Failure to Identify and Report Abdominal Skin Tear During CNA Skin Check
Penalty
Summary
The deficiency involves the facility’s failure to ensure that a resident with a non‑pressure related skin impairment received appropriate treatment and services in accordance with professional standards of practice. The resident had multiple complex medical conditions, including chronic respiratory failure with hypoxia, tracheostomy with ventilator dependence, hemiplegia, hemiparesis, and vascular dementia, and lacked decision‑making capacity, with her daughter designated as responsible party. On the day of transfer to an acute care hospital, CNA documentation in the electronic medical record indicated that the resident received a complete linen change, face care, peri care, and a shower. During a concurrent interview and record review, the CNA/RNA who assisted with the shower stated that facility process requires CNAs to perform skin checks during incontinent care, bed baths, and showers, and to report abnormal findings to the wound care nurse or charge nurse.

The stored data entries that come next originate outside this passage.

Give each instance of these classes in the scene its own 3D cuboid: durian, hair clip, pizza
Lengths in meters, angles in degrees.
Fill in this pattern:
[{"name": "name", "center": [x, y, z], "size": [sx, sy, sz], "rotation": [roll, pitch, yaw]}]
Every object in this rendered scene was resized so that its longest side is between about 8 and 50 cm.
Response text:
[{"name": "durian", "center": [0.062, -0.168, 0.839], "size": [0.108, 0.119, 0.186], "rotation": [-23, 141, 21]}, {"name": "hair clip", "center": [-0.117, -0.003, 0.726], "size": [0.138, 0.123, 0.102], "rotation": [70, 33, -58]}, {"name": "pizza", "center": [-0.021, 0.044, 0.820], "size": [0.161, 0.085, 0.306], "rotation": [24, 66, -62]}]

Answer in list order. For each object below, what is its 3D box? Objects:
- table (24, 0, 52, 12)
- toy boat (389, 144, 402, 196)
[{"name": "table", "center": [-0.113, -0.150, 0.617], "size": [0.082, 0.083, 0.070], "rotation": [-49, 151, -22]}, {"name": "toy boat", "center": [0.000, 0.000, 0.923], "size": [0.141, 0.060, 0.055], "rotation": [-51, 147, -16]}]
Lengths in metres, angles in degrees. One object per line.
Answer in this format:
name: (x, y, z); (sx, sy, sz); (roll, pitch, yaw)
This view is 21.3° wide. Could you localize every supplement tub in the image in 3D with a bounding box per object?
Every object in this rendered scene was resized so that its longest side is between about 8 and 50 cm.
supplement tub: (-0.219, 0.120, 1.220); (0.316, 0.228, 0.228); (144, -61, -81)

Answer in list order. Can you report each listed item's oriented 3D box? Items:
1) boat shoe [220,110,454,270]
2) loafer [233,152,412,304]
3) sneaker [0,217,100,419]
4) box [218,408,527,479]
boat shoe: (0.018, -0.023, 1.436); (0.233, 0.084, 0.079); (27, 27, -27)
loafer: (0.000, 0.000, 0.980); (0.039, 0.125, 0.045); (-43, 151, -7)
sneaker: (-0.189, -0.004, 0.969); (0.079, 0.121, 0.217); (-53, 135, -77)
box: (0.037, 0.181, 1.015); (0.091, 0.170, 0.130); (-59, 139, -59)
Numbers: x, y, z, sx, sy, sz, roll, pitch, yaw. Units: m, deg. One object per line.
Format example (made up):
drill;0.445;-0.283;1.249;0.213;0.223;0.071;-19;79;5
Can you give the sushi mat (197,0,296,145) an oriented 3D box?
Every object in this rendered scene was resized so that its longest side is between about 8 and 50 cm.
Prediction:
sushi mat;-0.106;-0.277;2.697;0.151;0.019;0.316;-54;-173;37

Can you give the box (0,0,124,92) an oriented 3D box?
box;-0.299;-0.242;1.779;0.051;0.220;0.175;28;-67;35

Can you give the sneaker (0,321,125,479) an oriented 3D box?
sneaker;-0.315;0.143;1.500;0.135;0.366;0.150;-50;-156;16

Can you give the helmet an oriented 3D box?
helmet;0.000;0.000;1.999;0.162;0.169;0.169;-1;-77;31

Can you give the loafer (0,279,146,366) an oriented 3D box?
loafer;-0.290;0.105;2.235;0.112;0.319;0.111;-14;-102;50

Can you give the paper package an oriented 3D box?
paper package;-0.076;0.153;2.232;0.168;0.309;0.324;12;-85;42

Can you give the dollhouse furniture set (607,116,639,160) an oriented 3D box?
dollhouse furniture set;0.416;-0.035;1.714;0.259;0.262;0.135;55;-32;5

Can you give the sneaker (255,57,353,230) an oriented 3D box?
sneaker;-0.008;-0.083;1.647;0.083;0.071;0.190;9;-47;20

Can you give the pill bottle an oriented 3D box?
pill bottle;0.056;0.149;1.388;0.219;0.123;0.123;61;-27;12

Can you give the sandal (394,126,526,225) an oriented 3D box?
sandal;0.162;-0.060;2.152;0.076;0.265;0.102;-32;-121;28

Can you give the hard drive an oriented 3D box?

The CNA/RNA reported that she performed a skin check during the shower and noted no abnormal findings to report, and that she applied triad barrier cream to the resident’s abdominal folds. However, a photograph taken later that day in a general acute care hospital emergency room showed a skin tear covered with white cream on an abdominal fold, which the CNA/RNA acknowledged would have been an abnormal finding that should have been reported to the wound care nurse and that she had not identified during the shower. Subsequent review with the SNF nurse manager and the wound/ostomy nurse from a second acute care hospital confirmed that the resident arrived at the hospital with a left abdominal fold skin tear. The second hospital’s admission process included a skin assessment and photograph of the left abdominal fold skin tear, and the wound/ostomy nurse identified it as such. The SNF nurse manager, after reviewing the hospital photographs, stated that the photos indicated a left abdominal skin tear and that CNAs are expected to identify and report such abnormalities during routine skin checks. The facility’s CNA job description and the skin care and pressure injury prevention policy both require CNAs to monitor and report noticeable changes in residents’ skin condition and to routinely assess for signs of irritation or breakdown, which did not occur in this instance.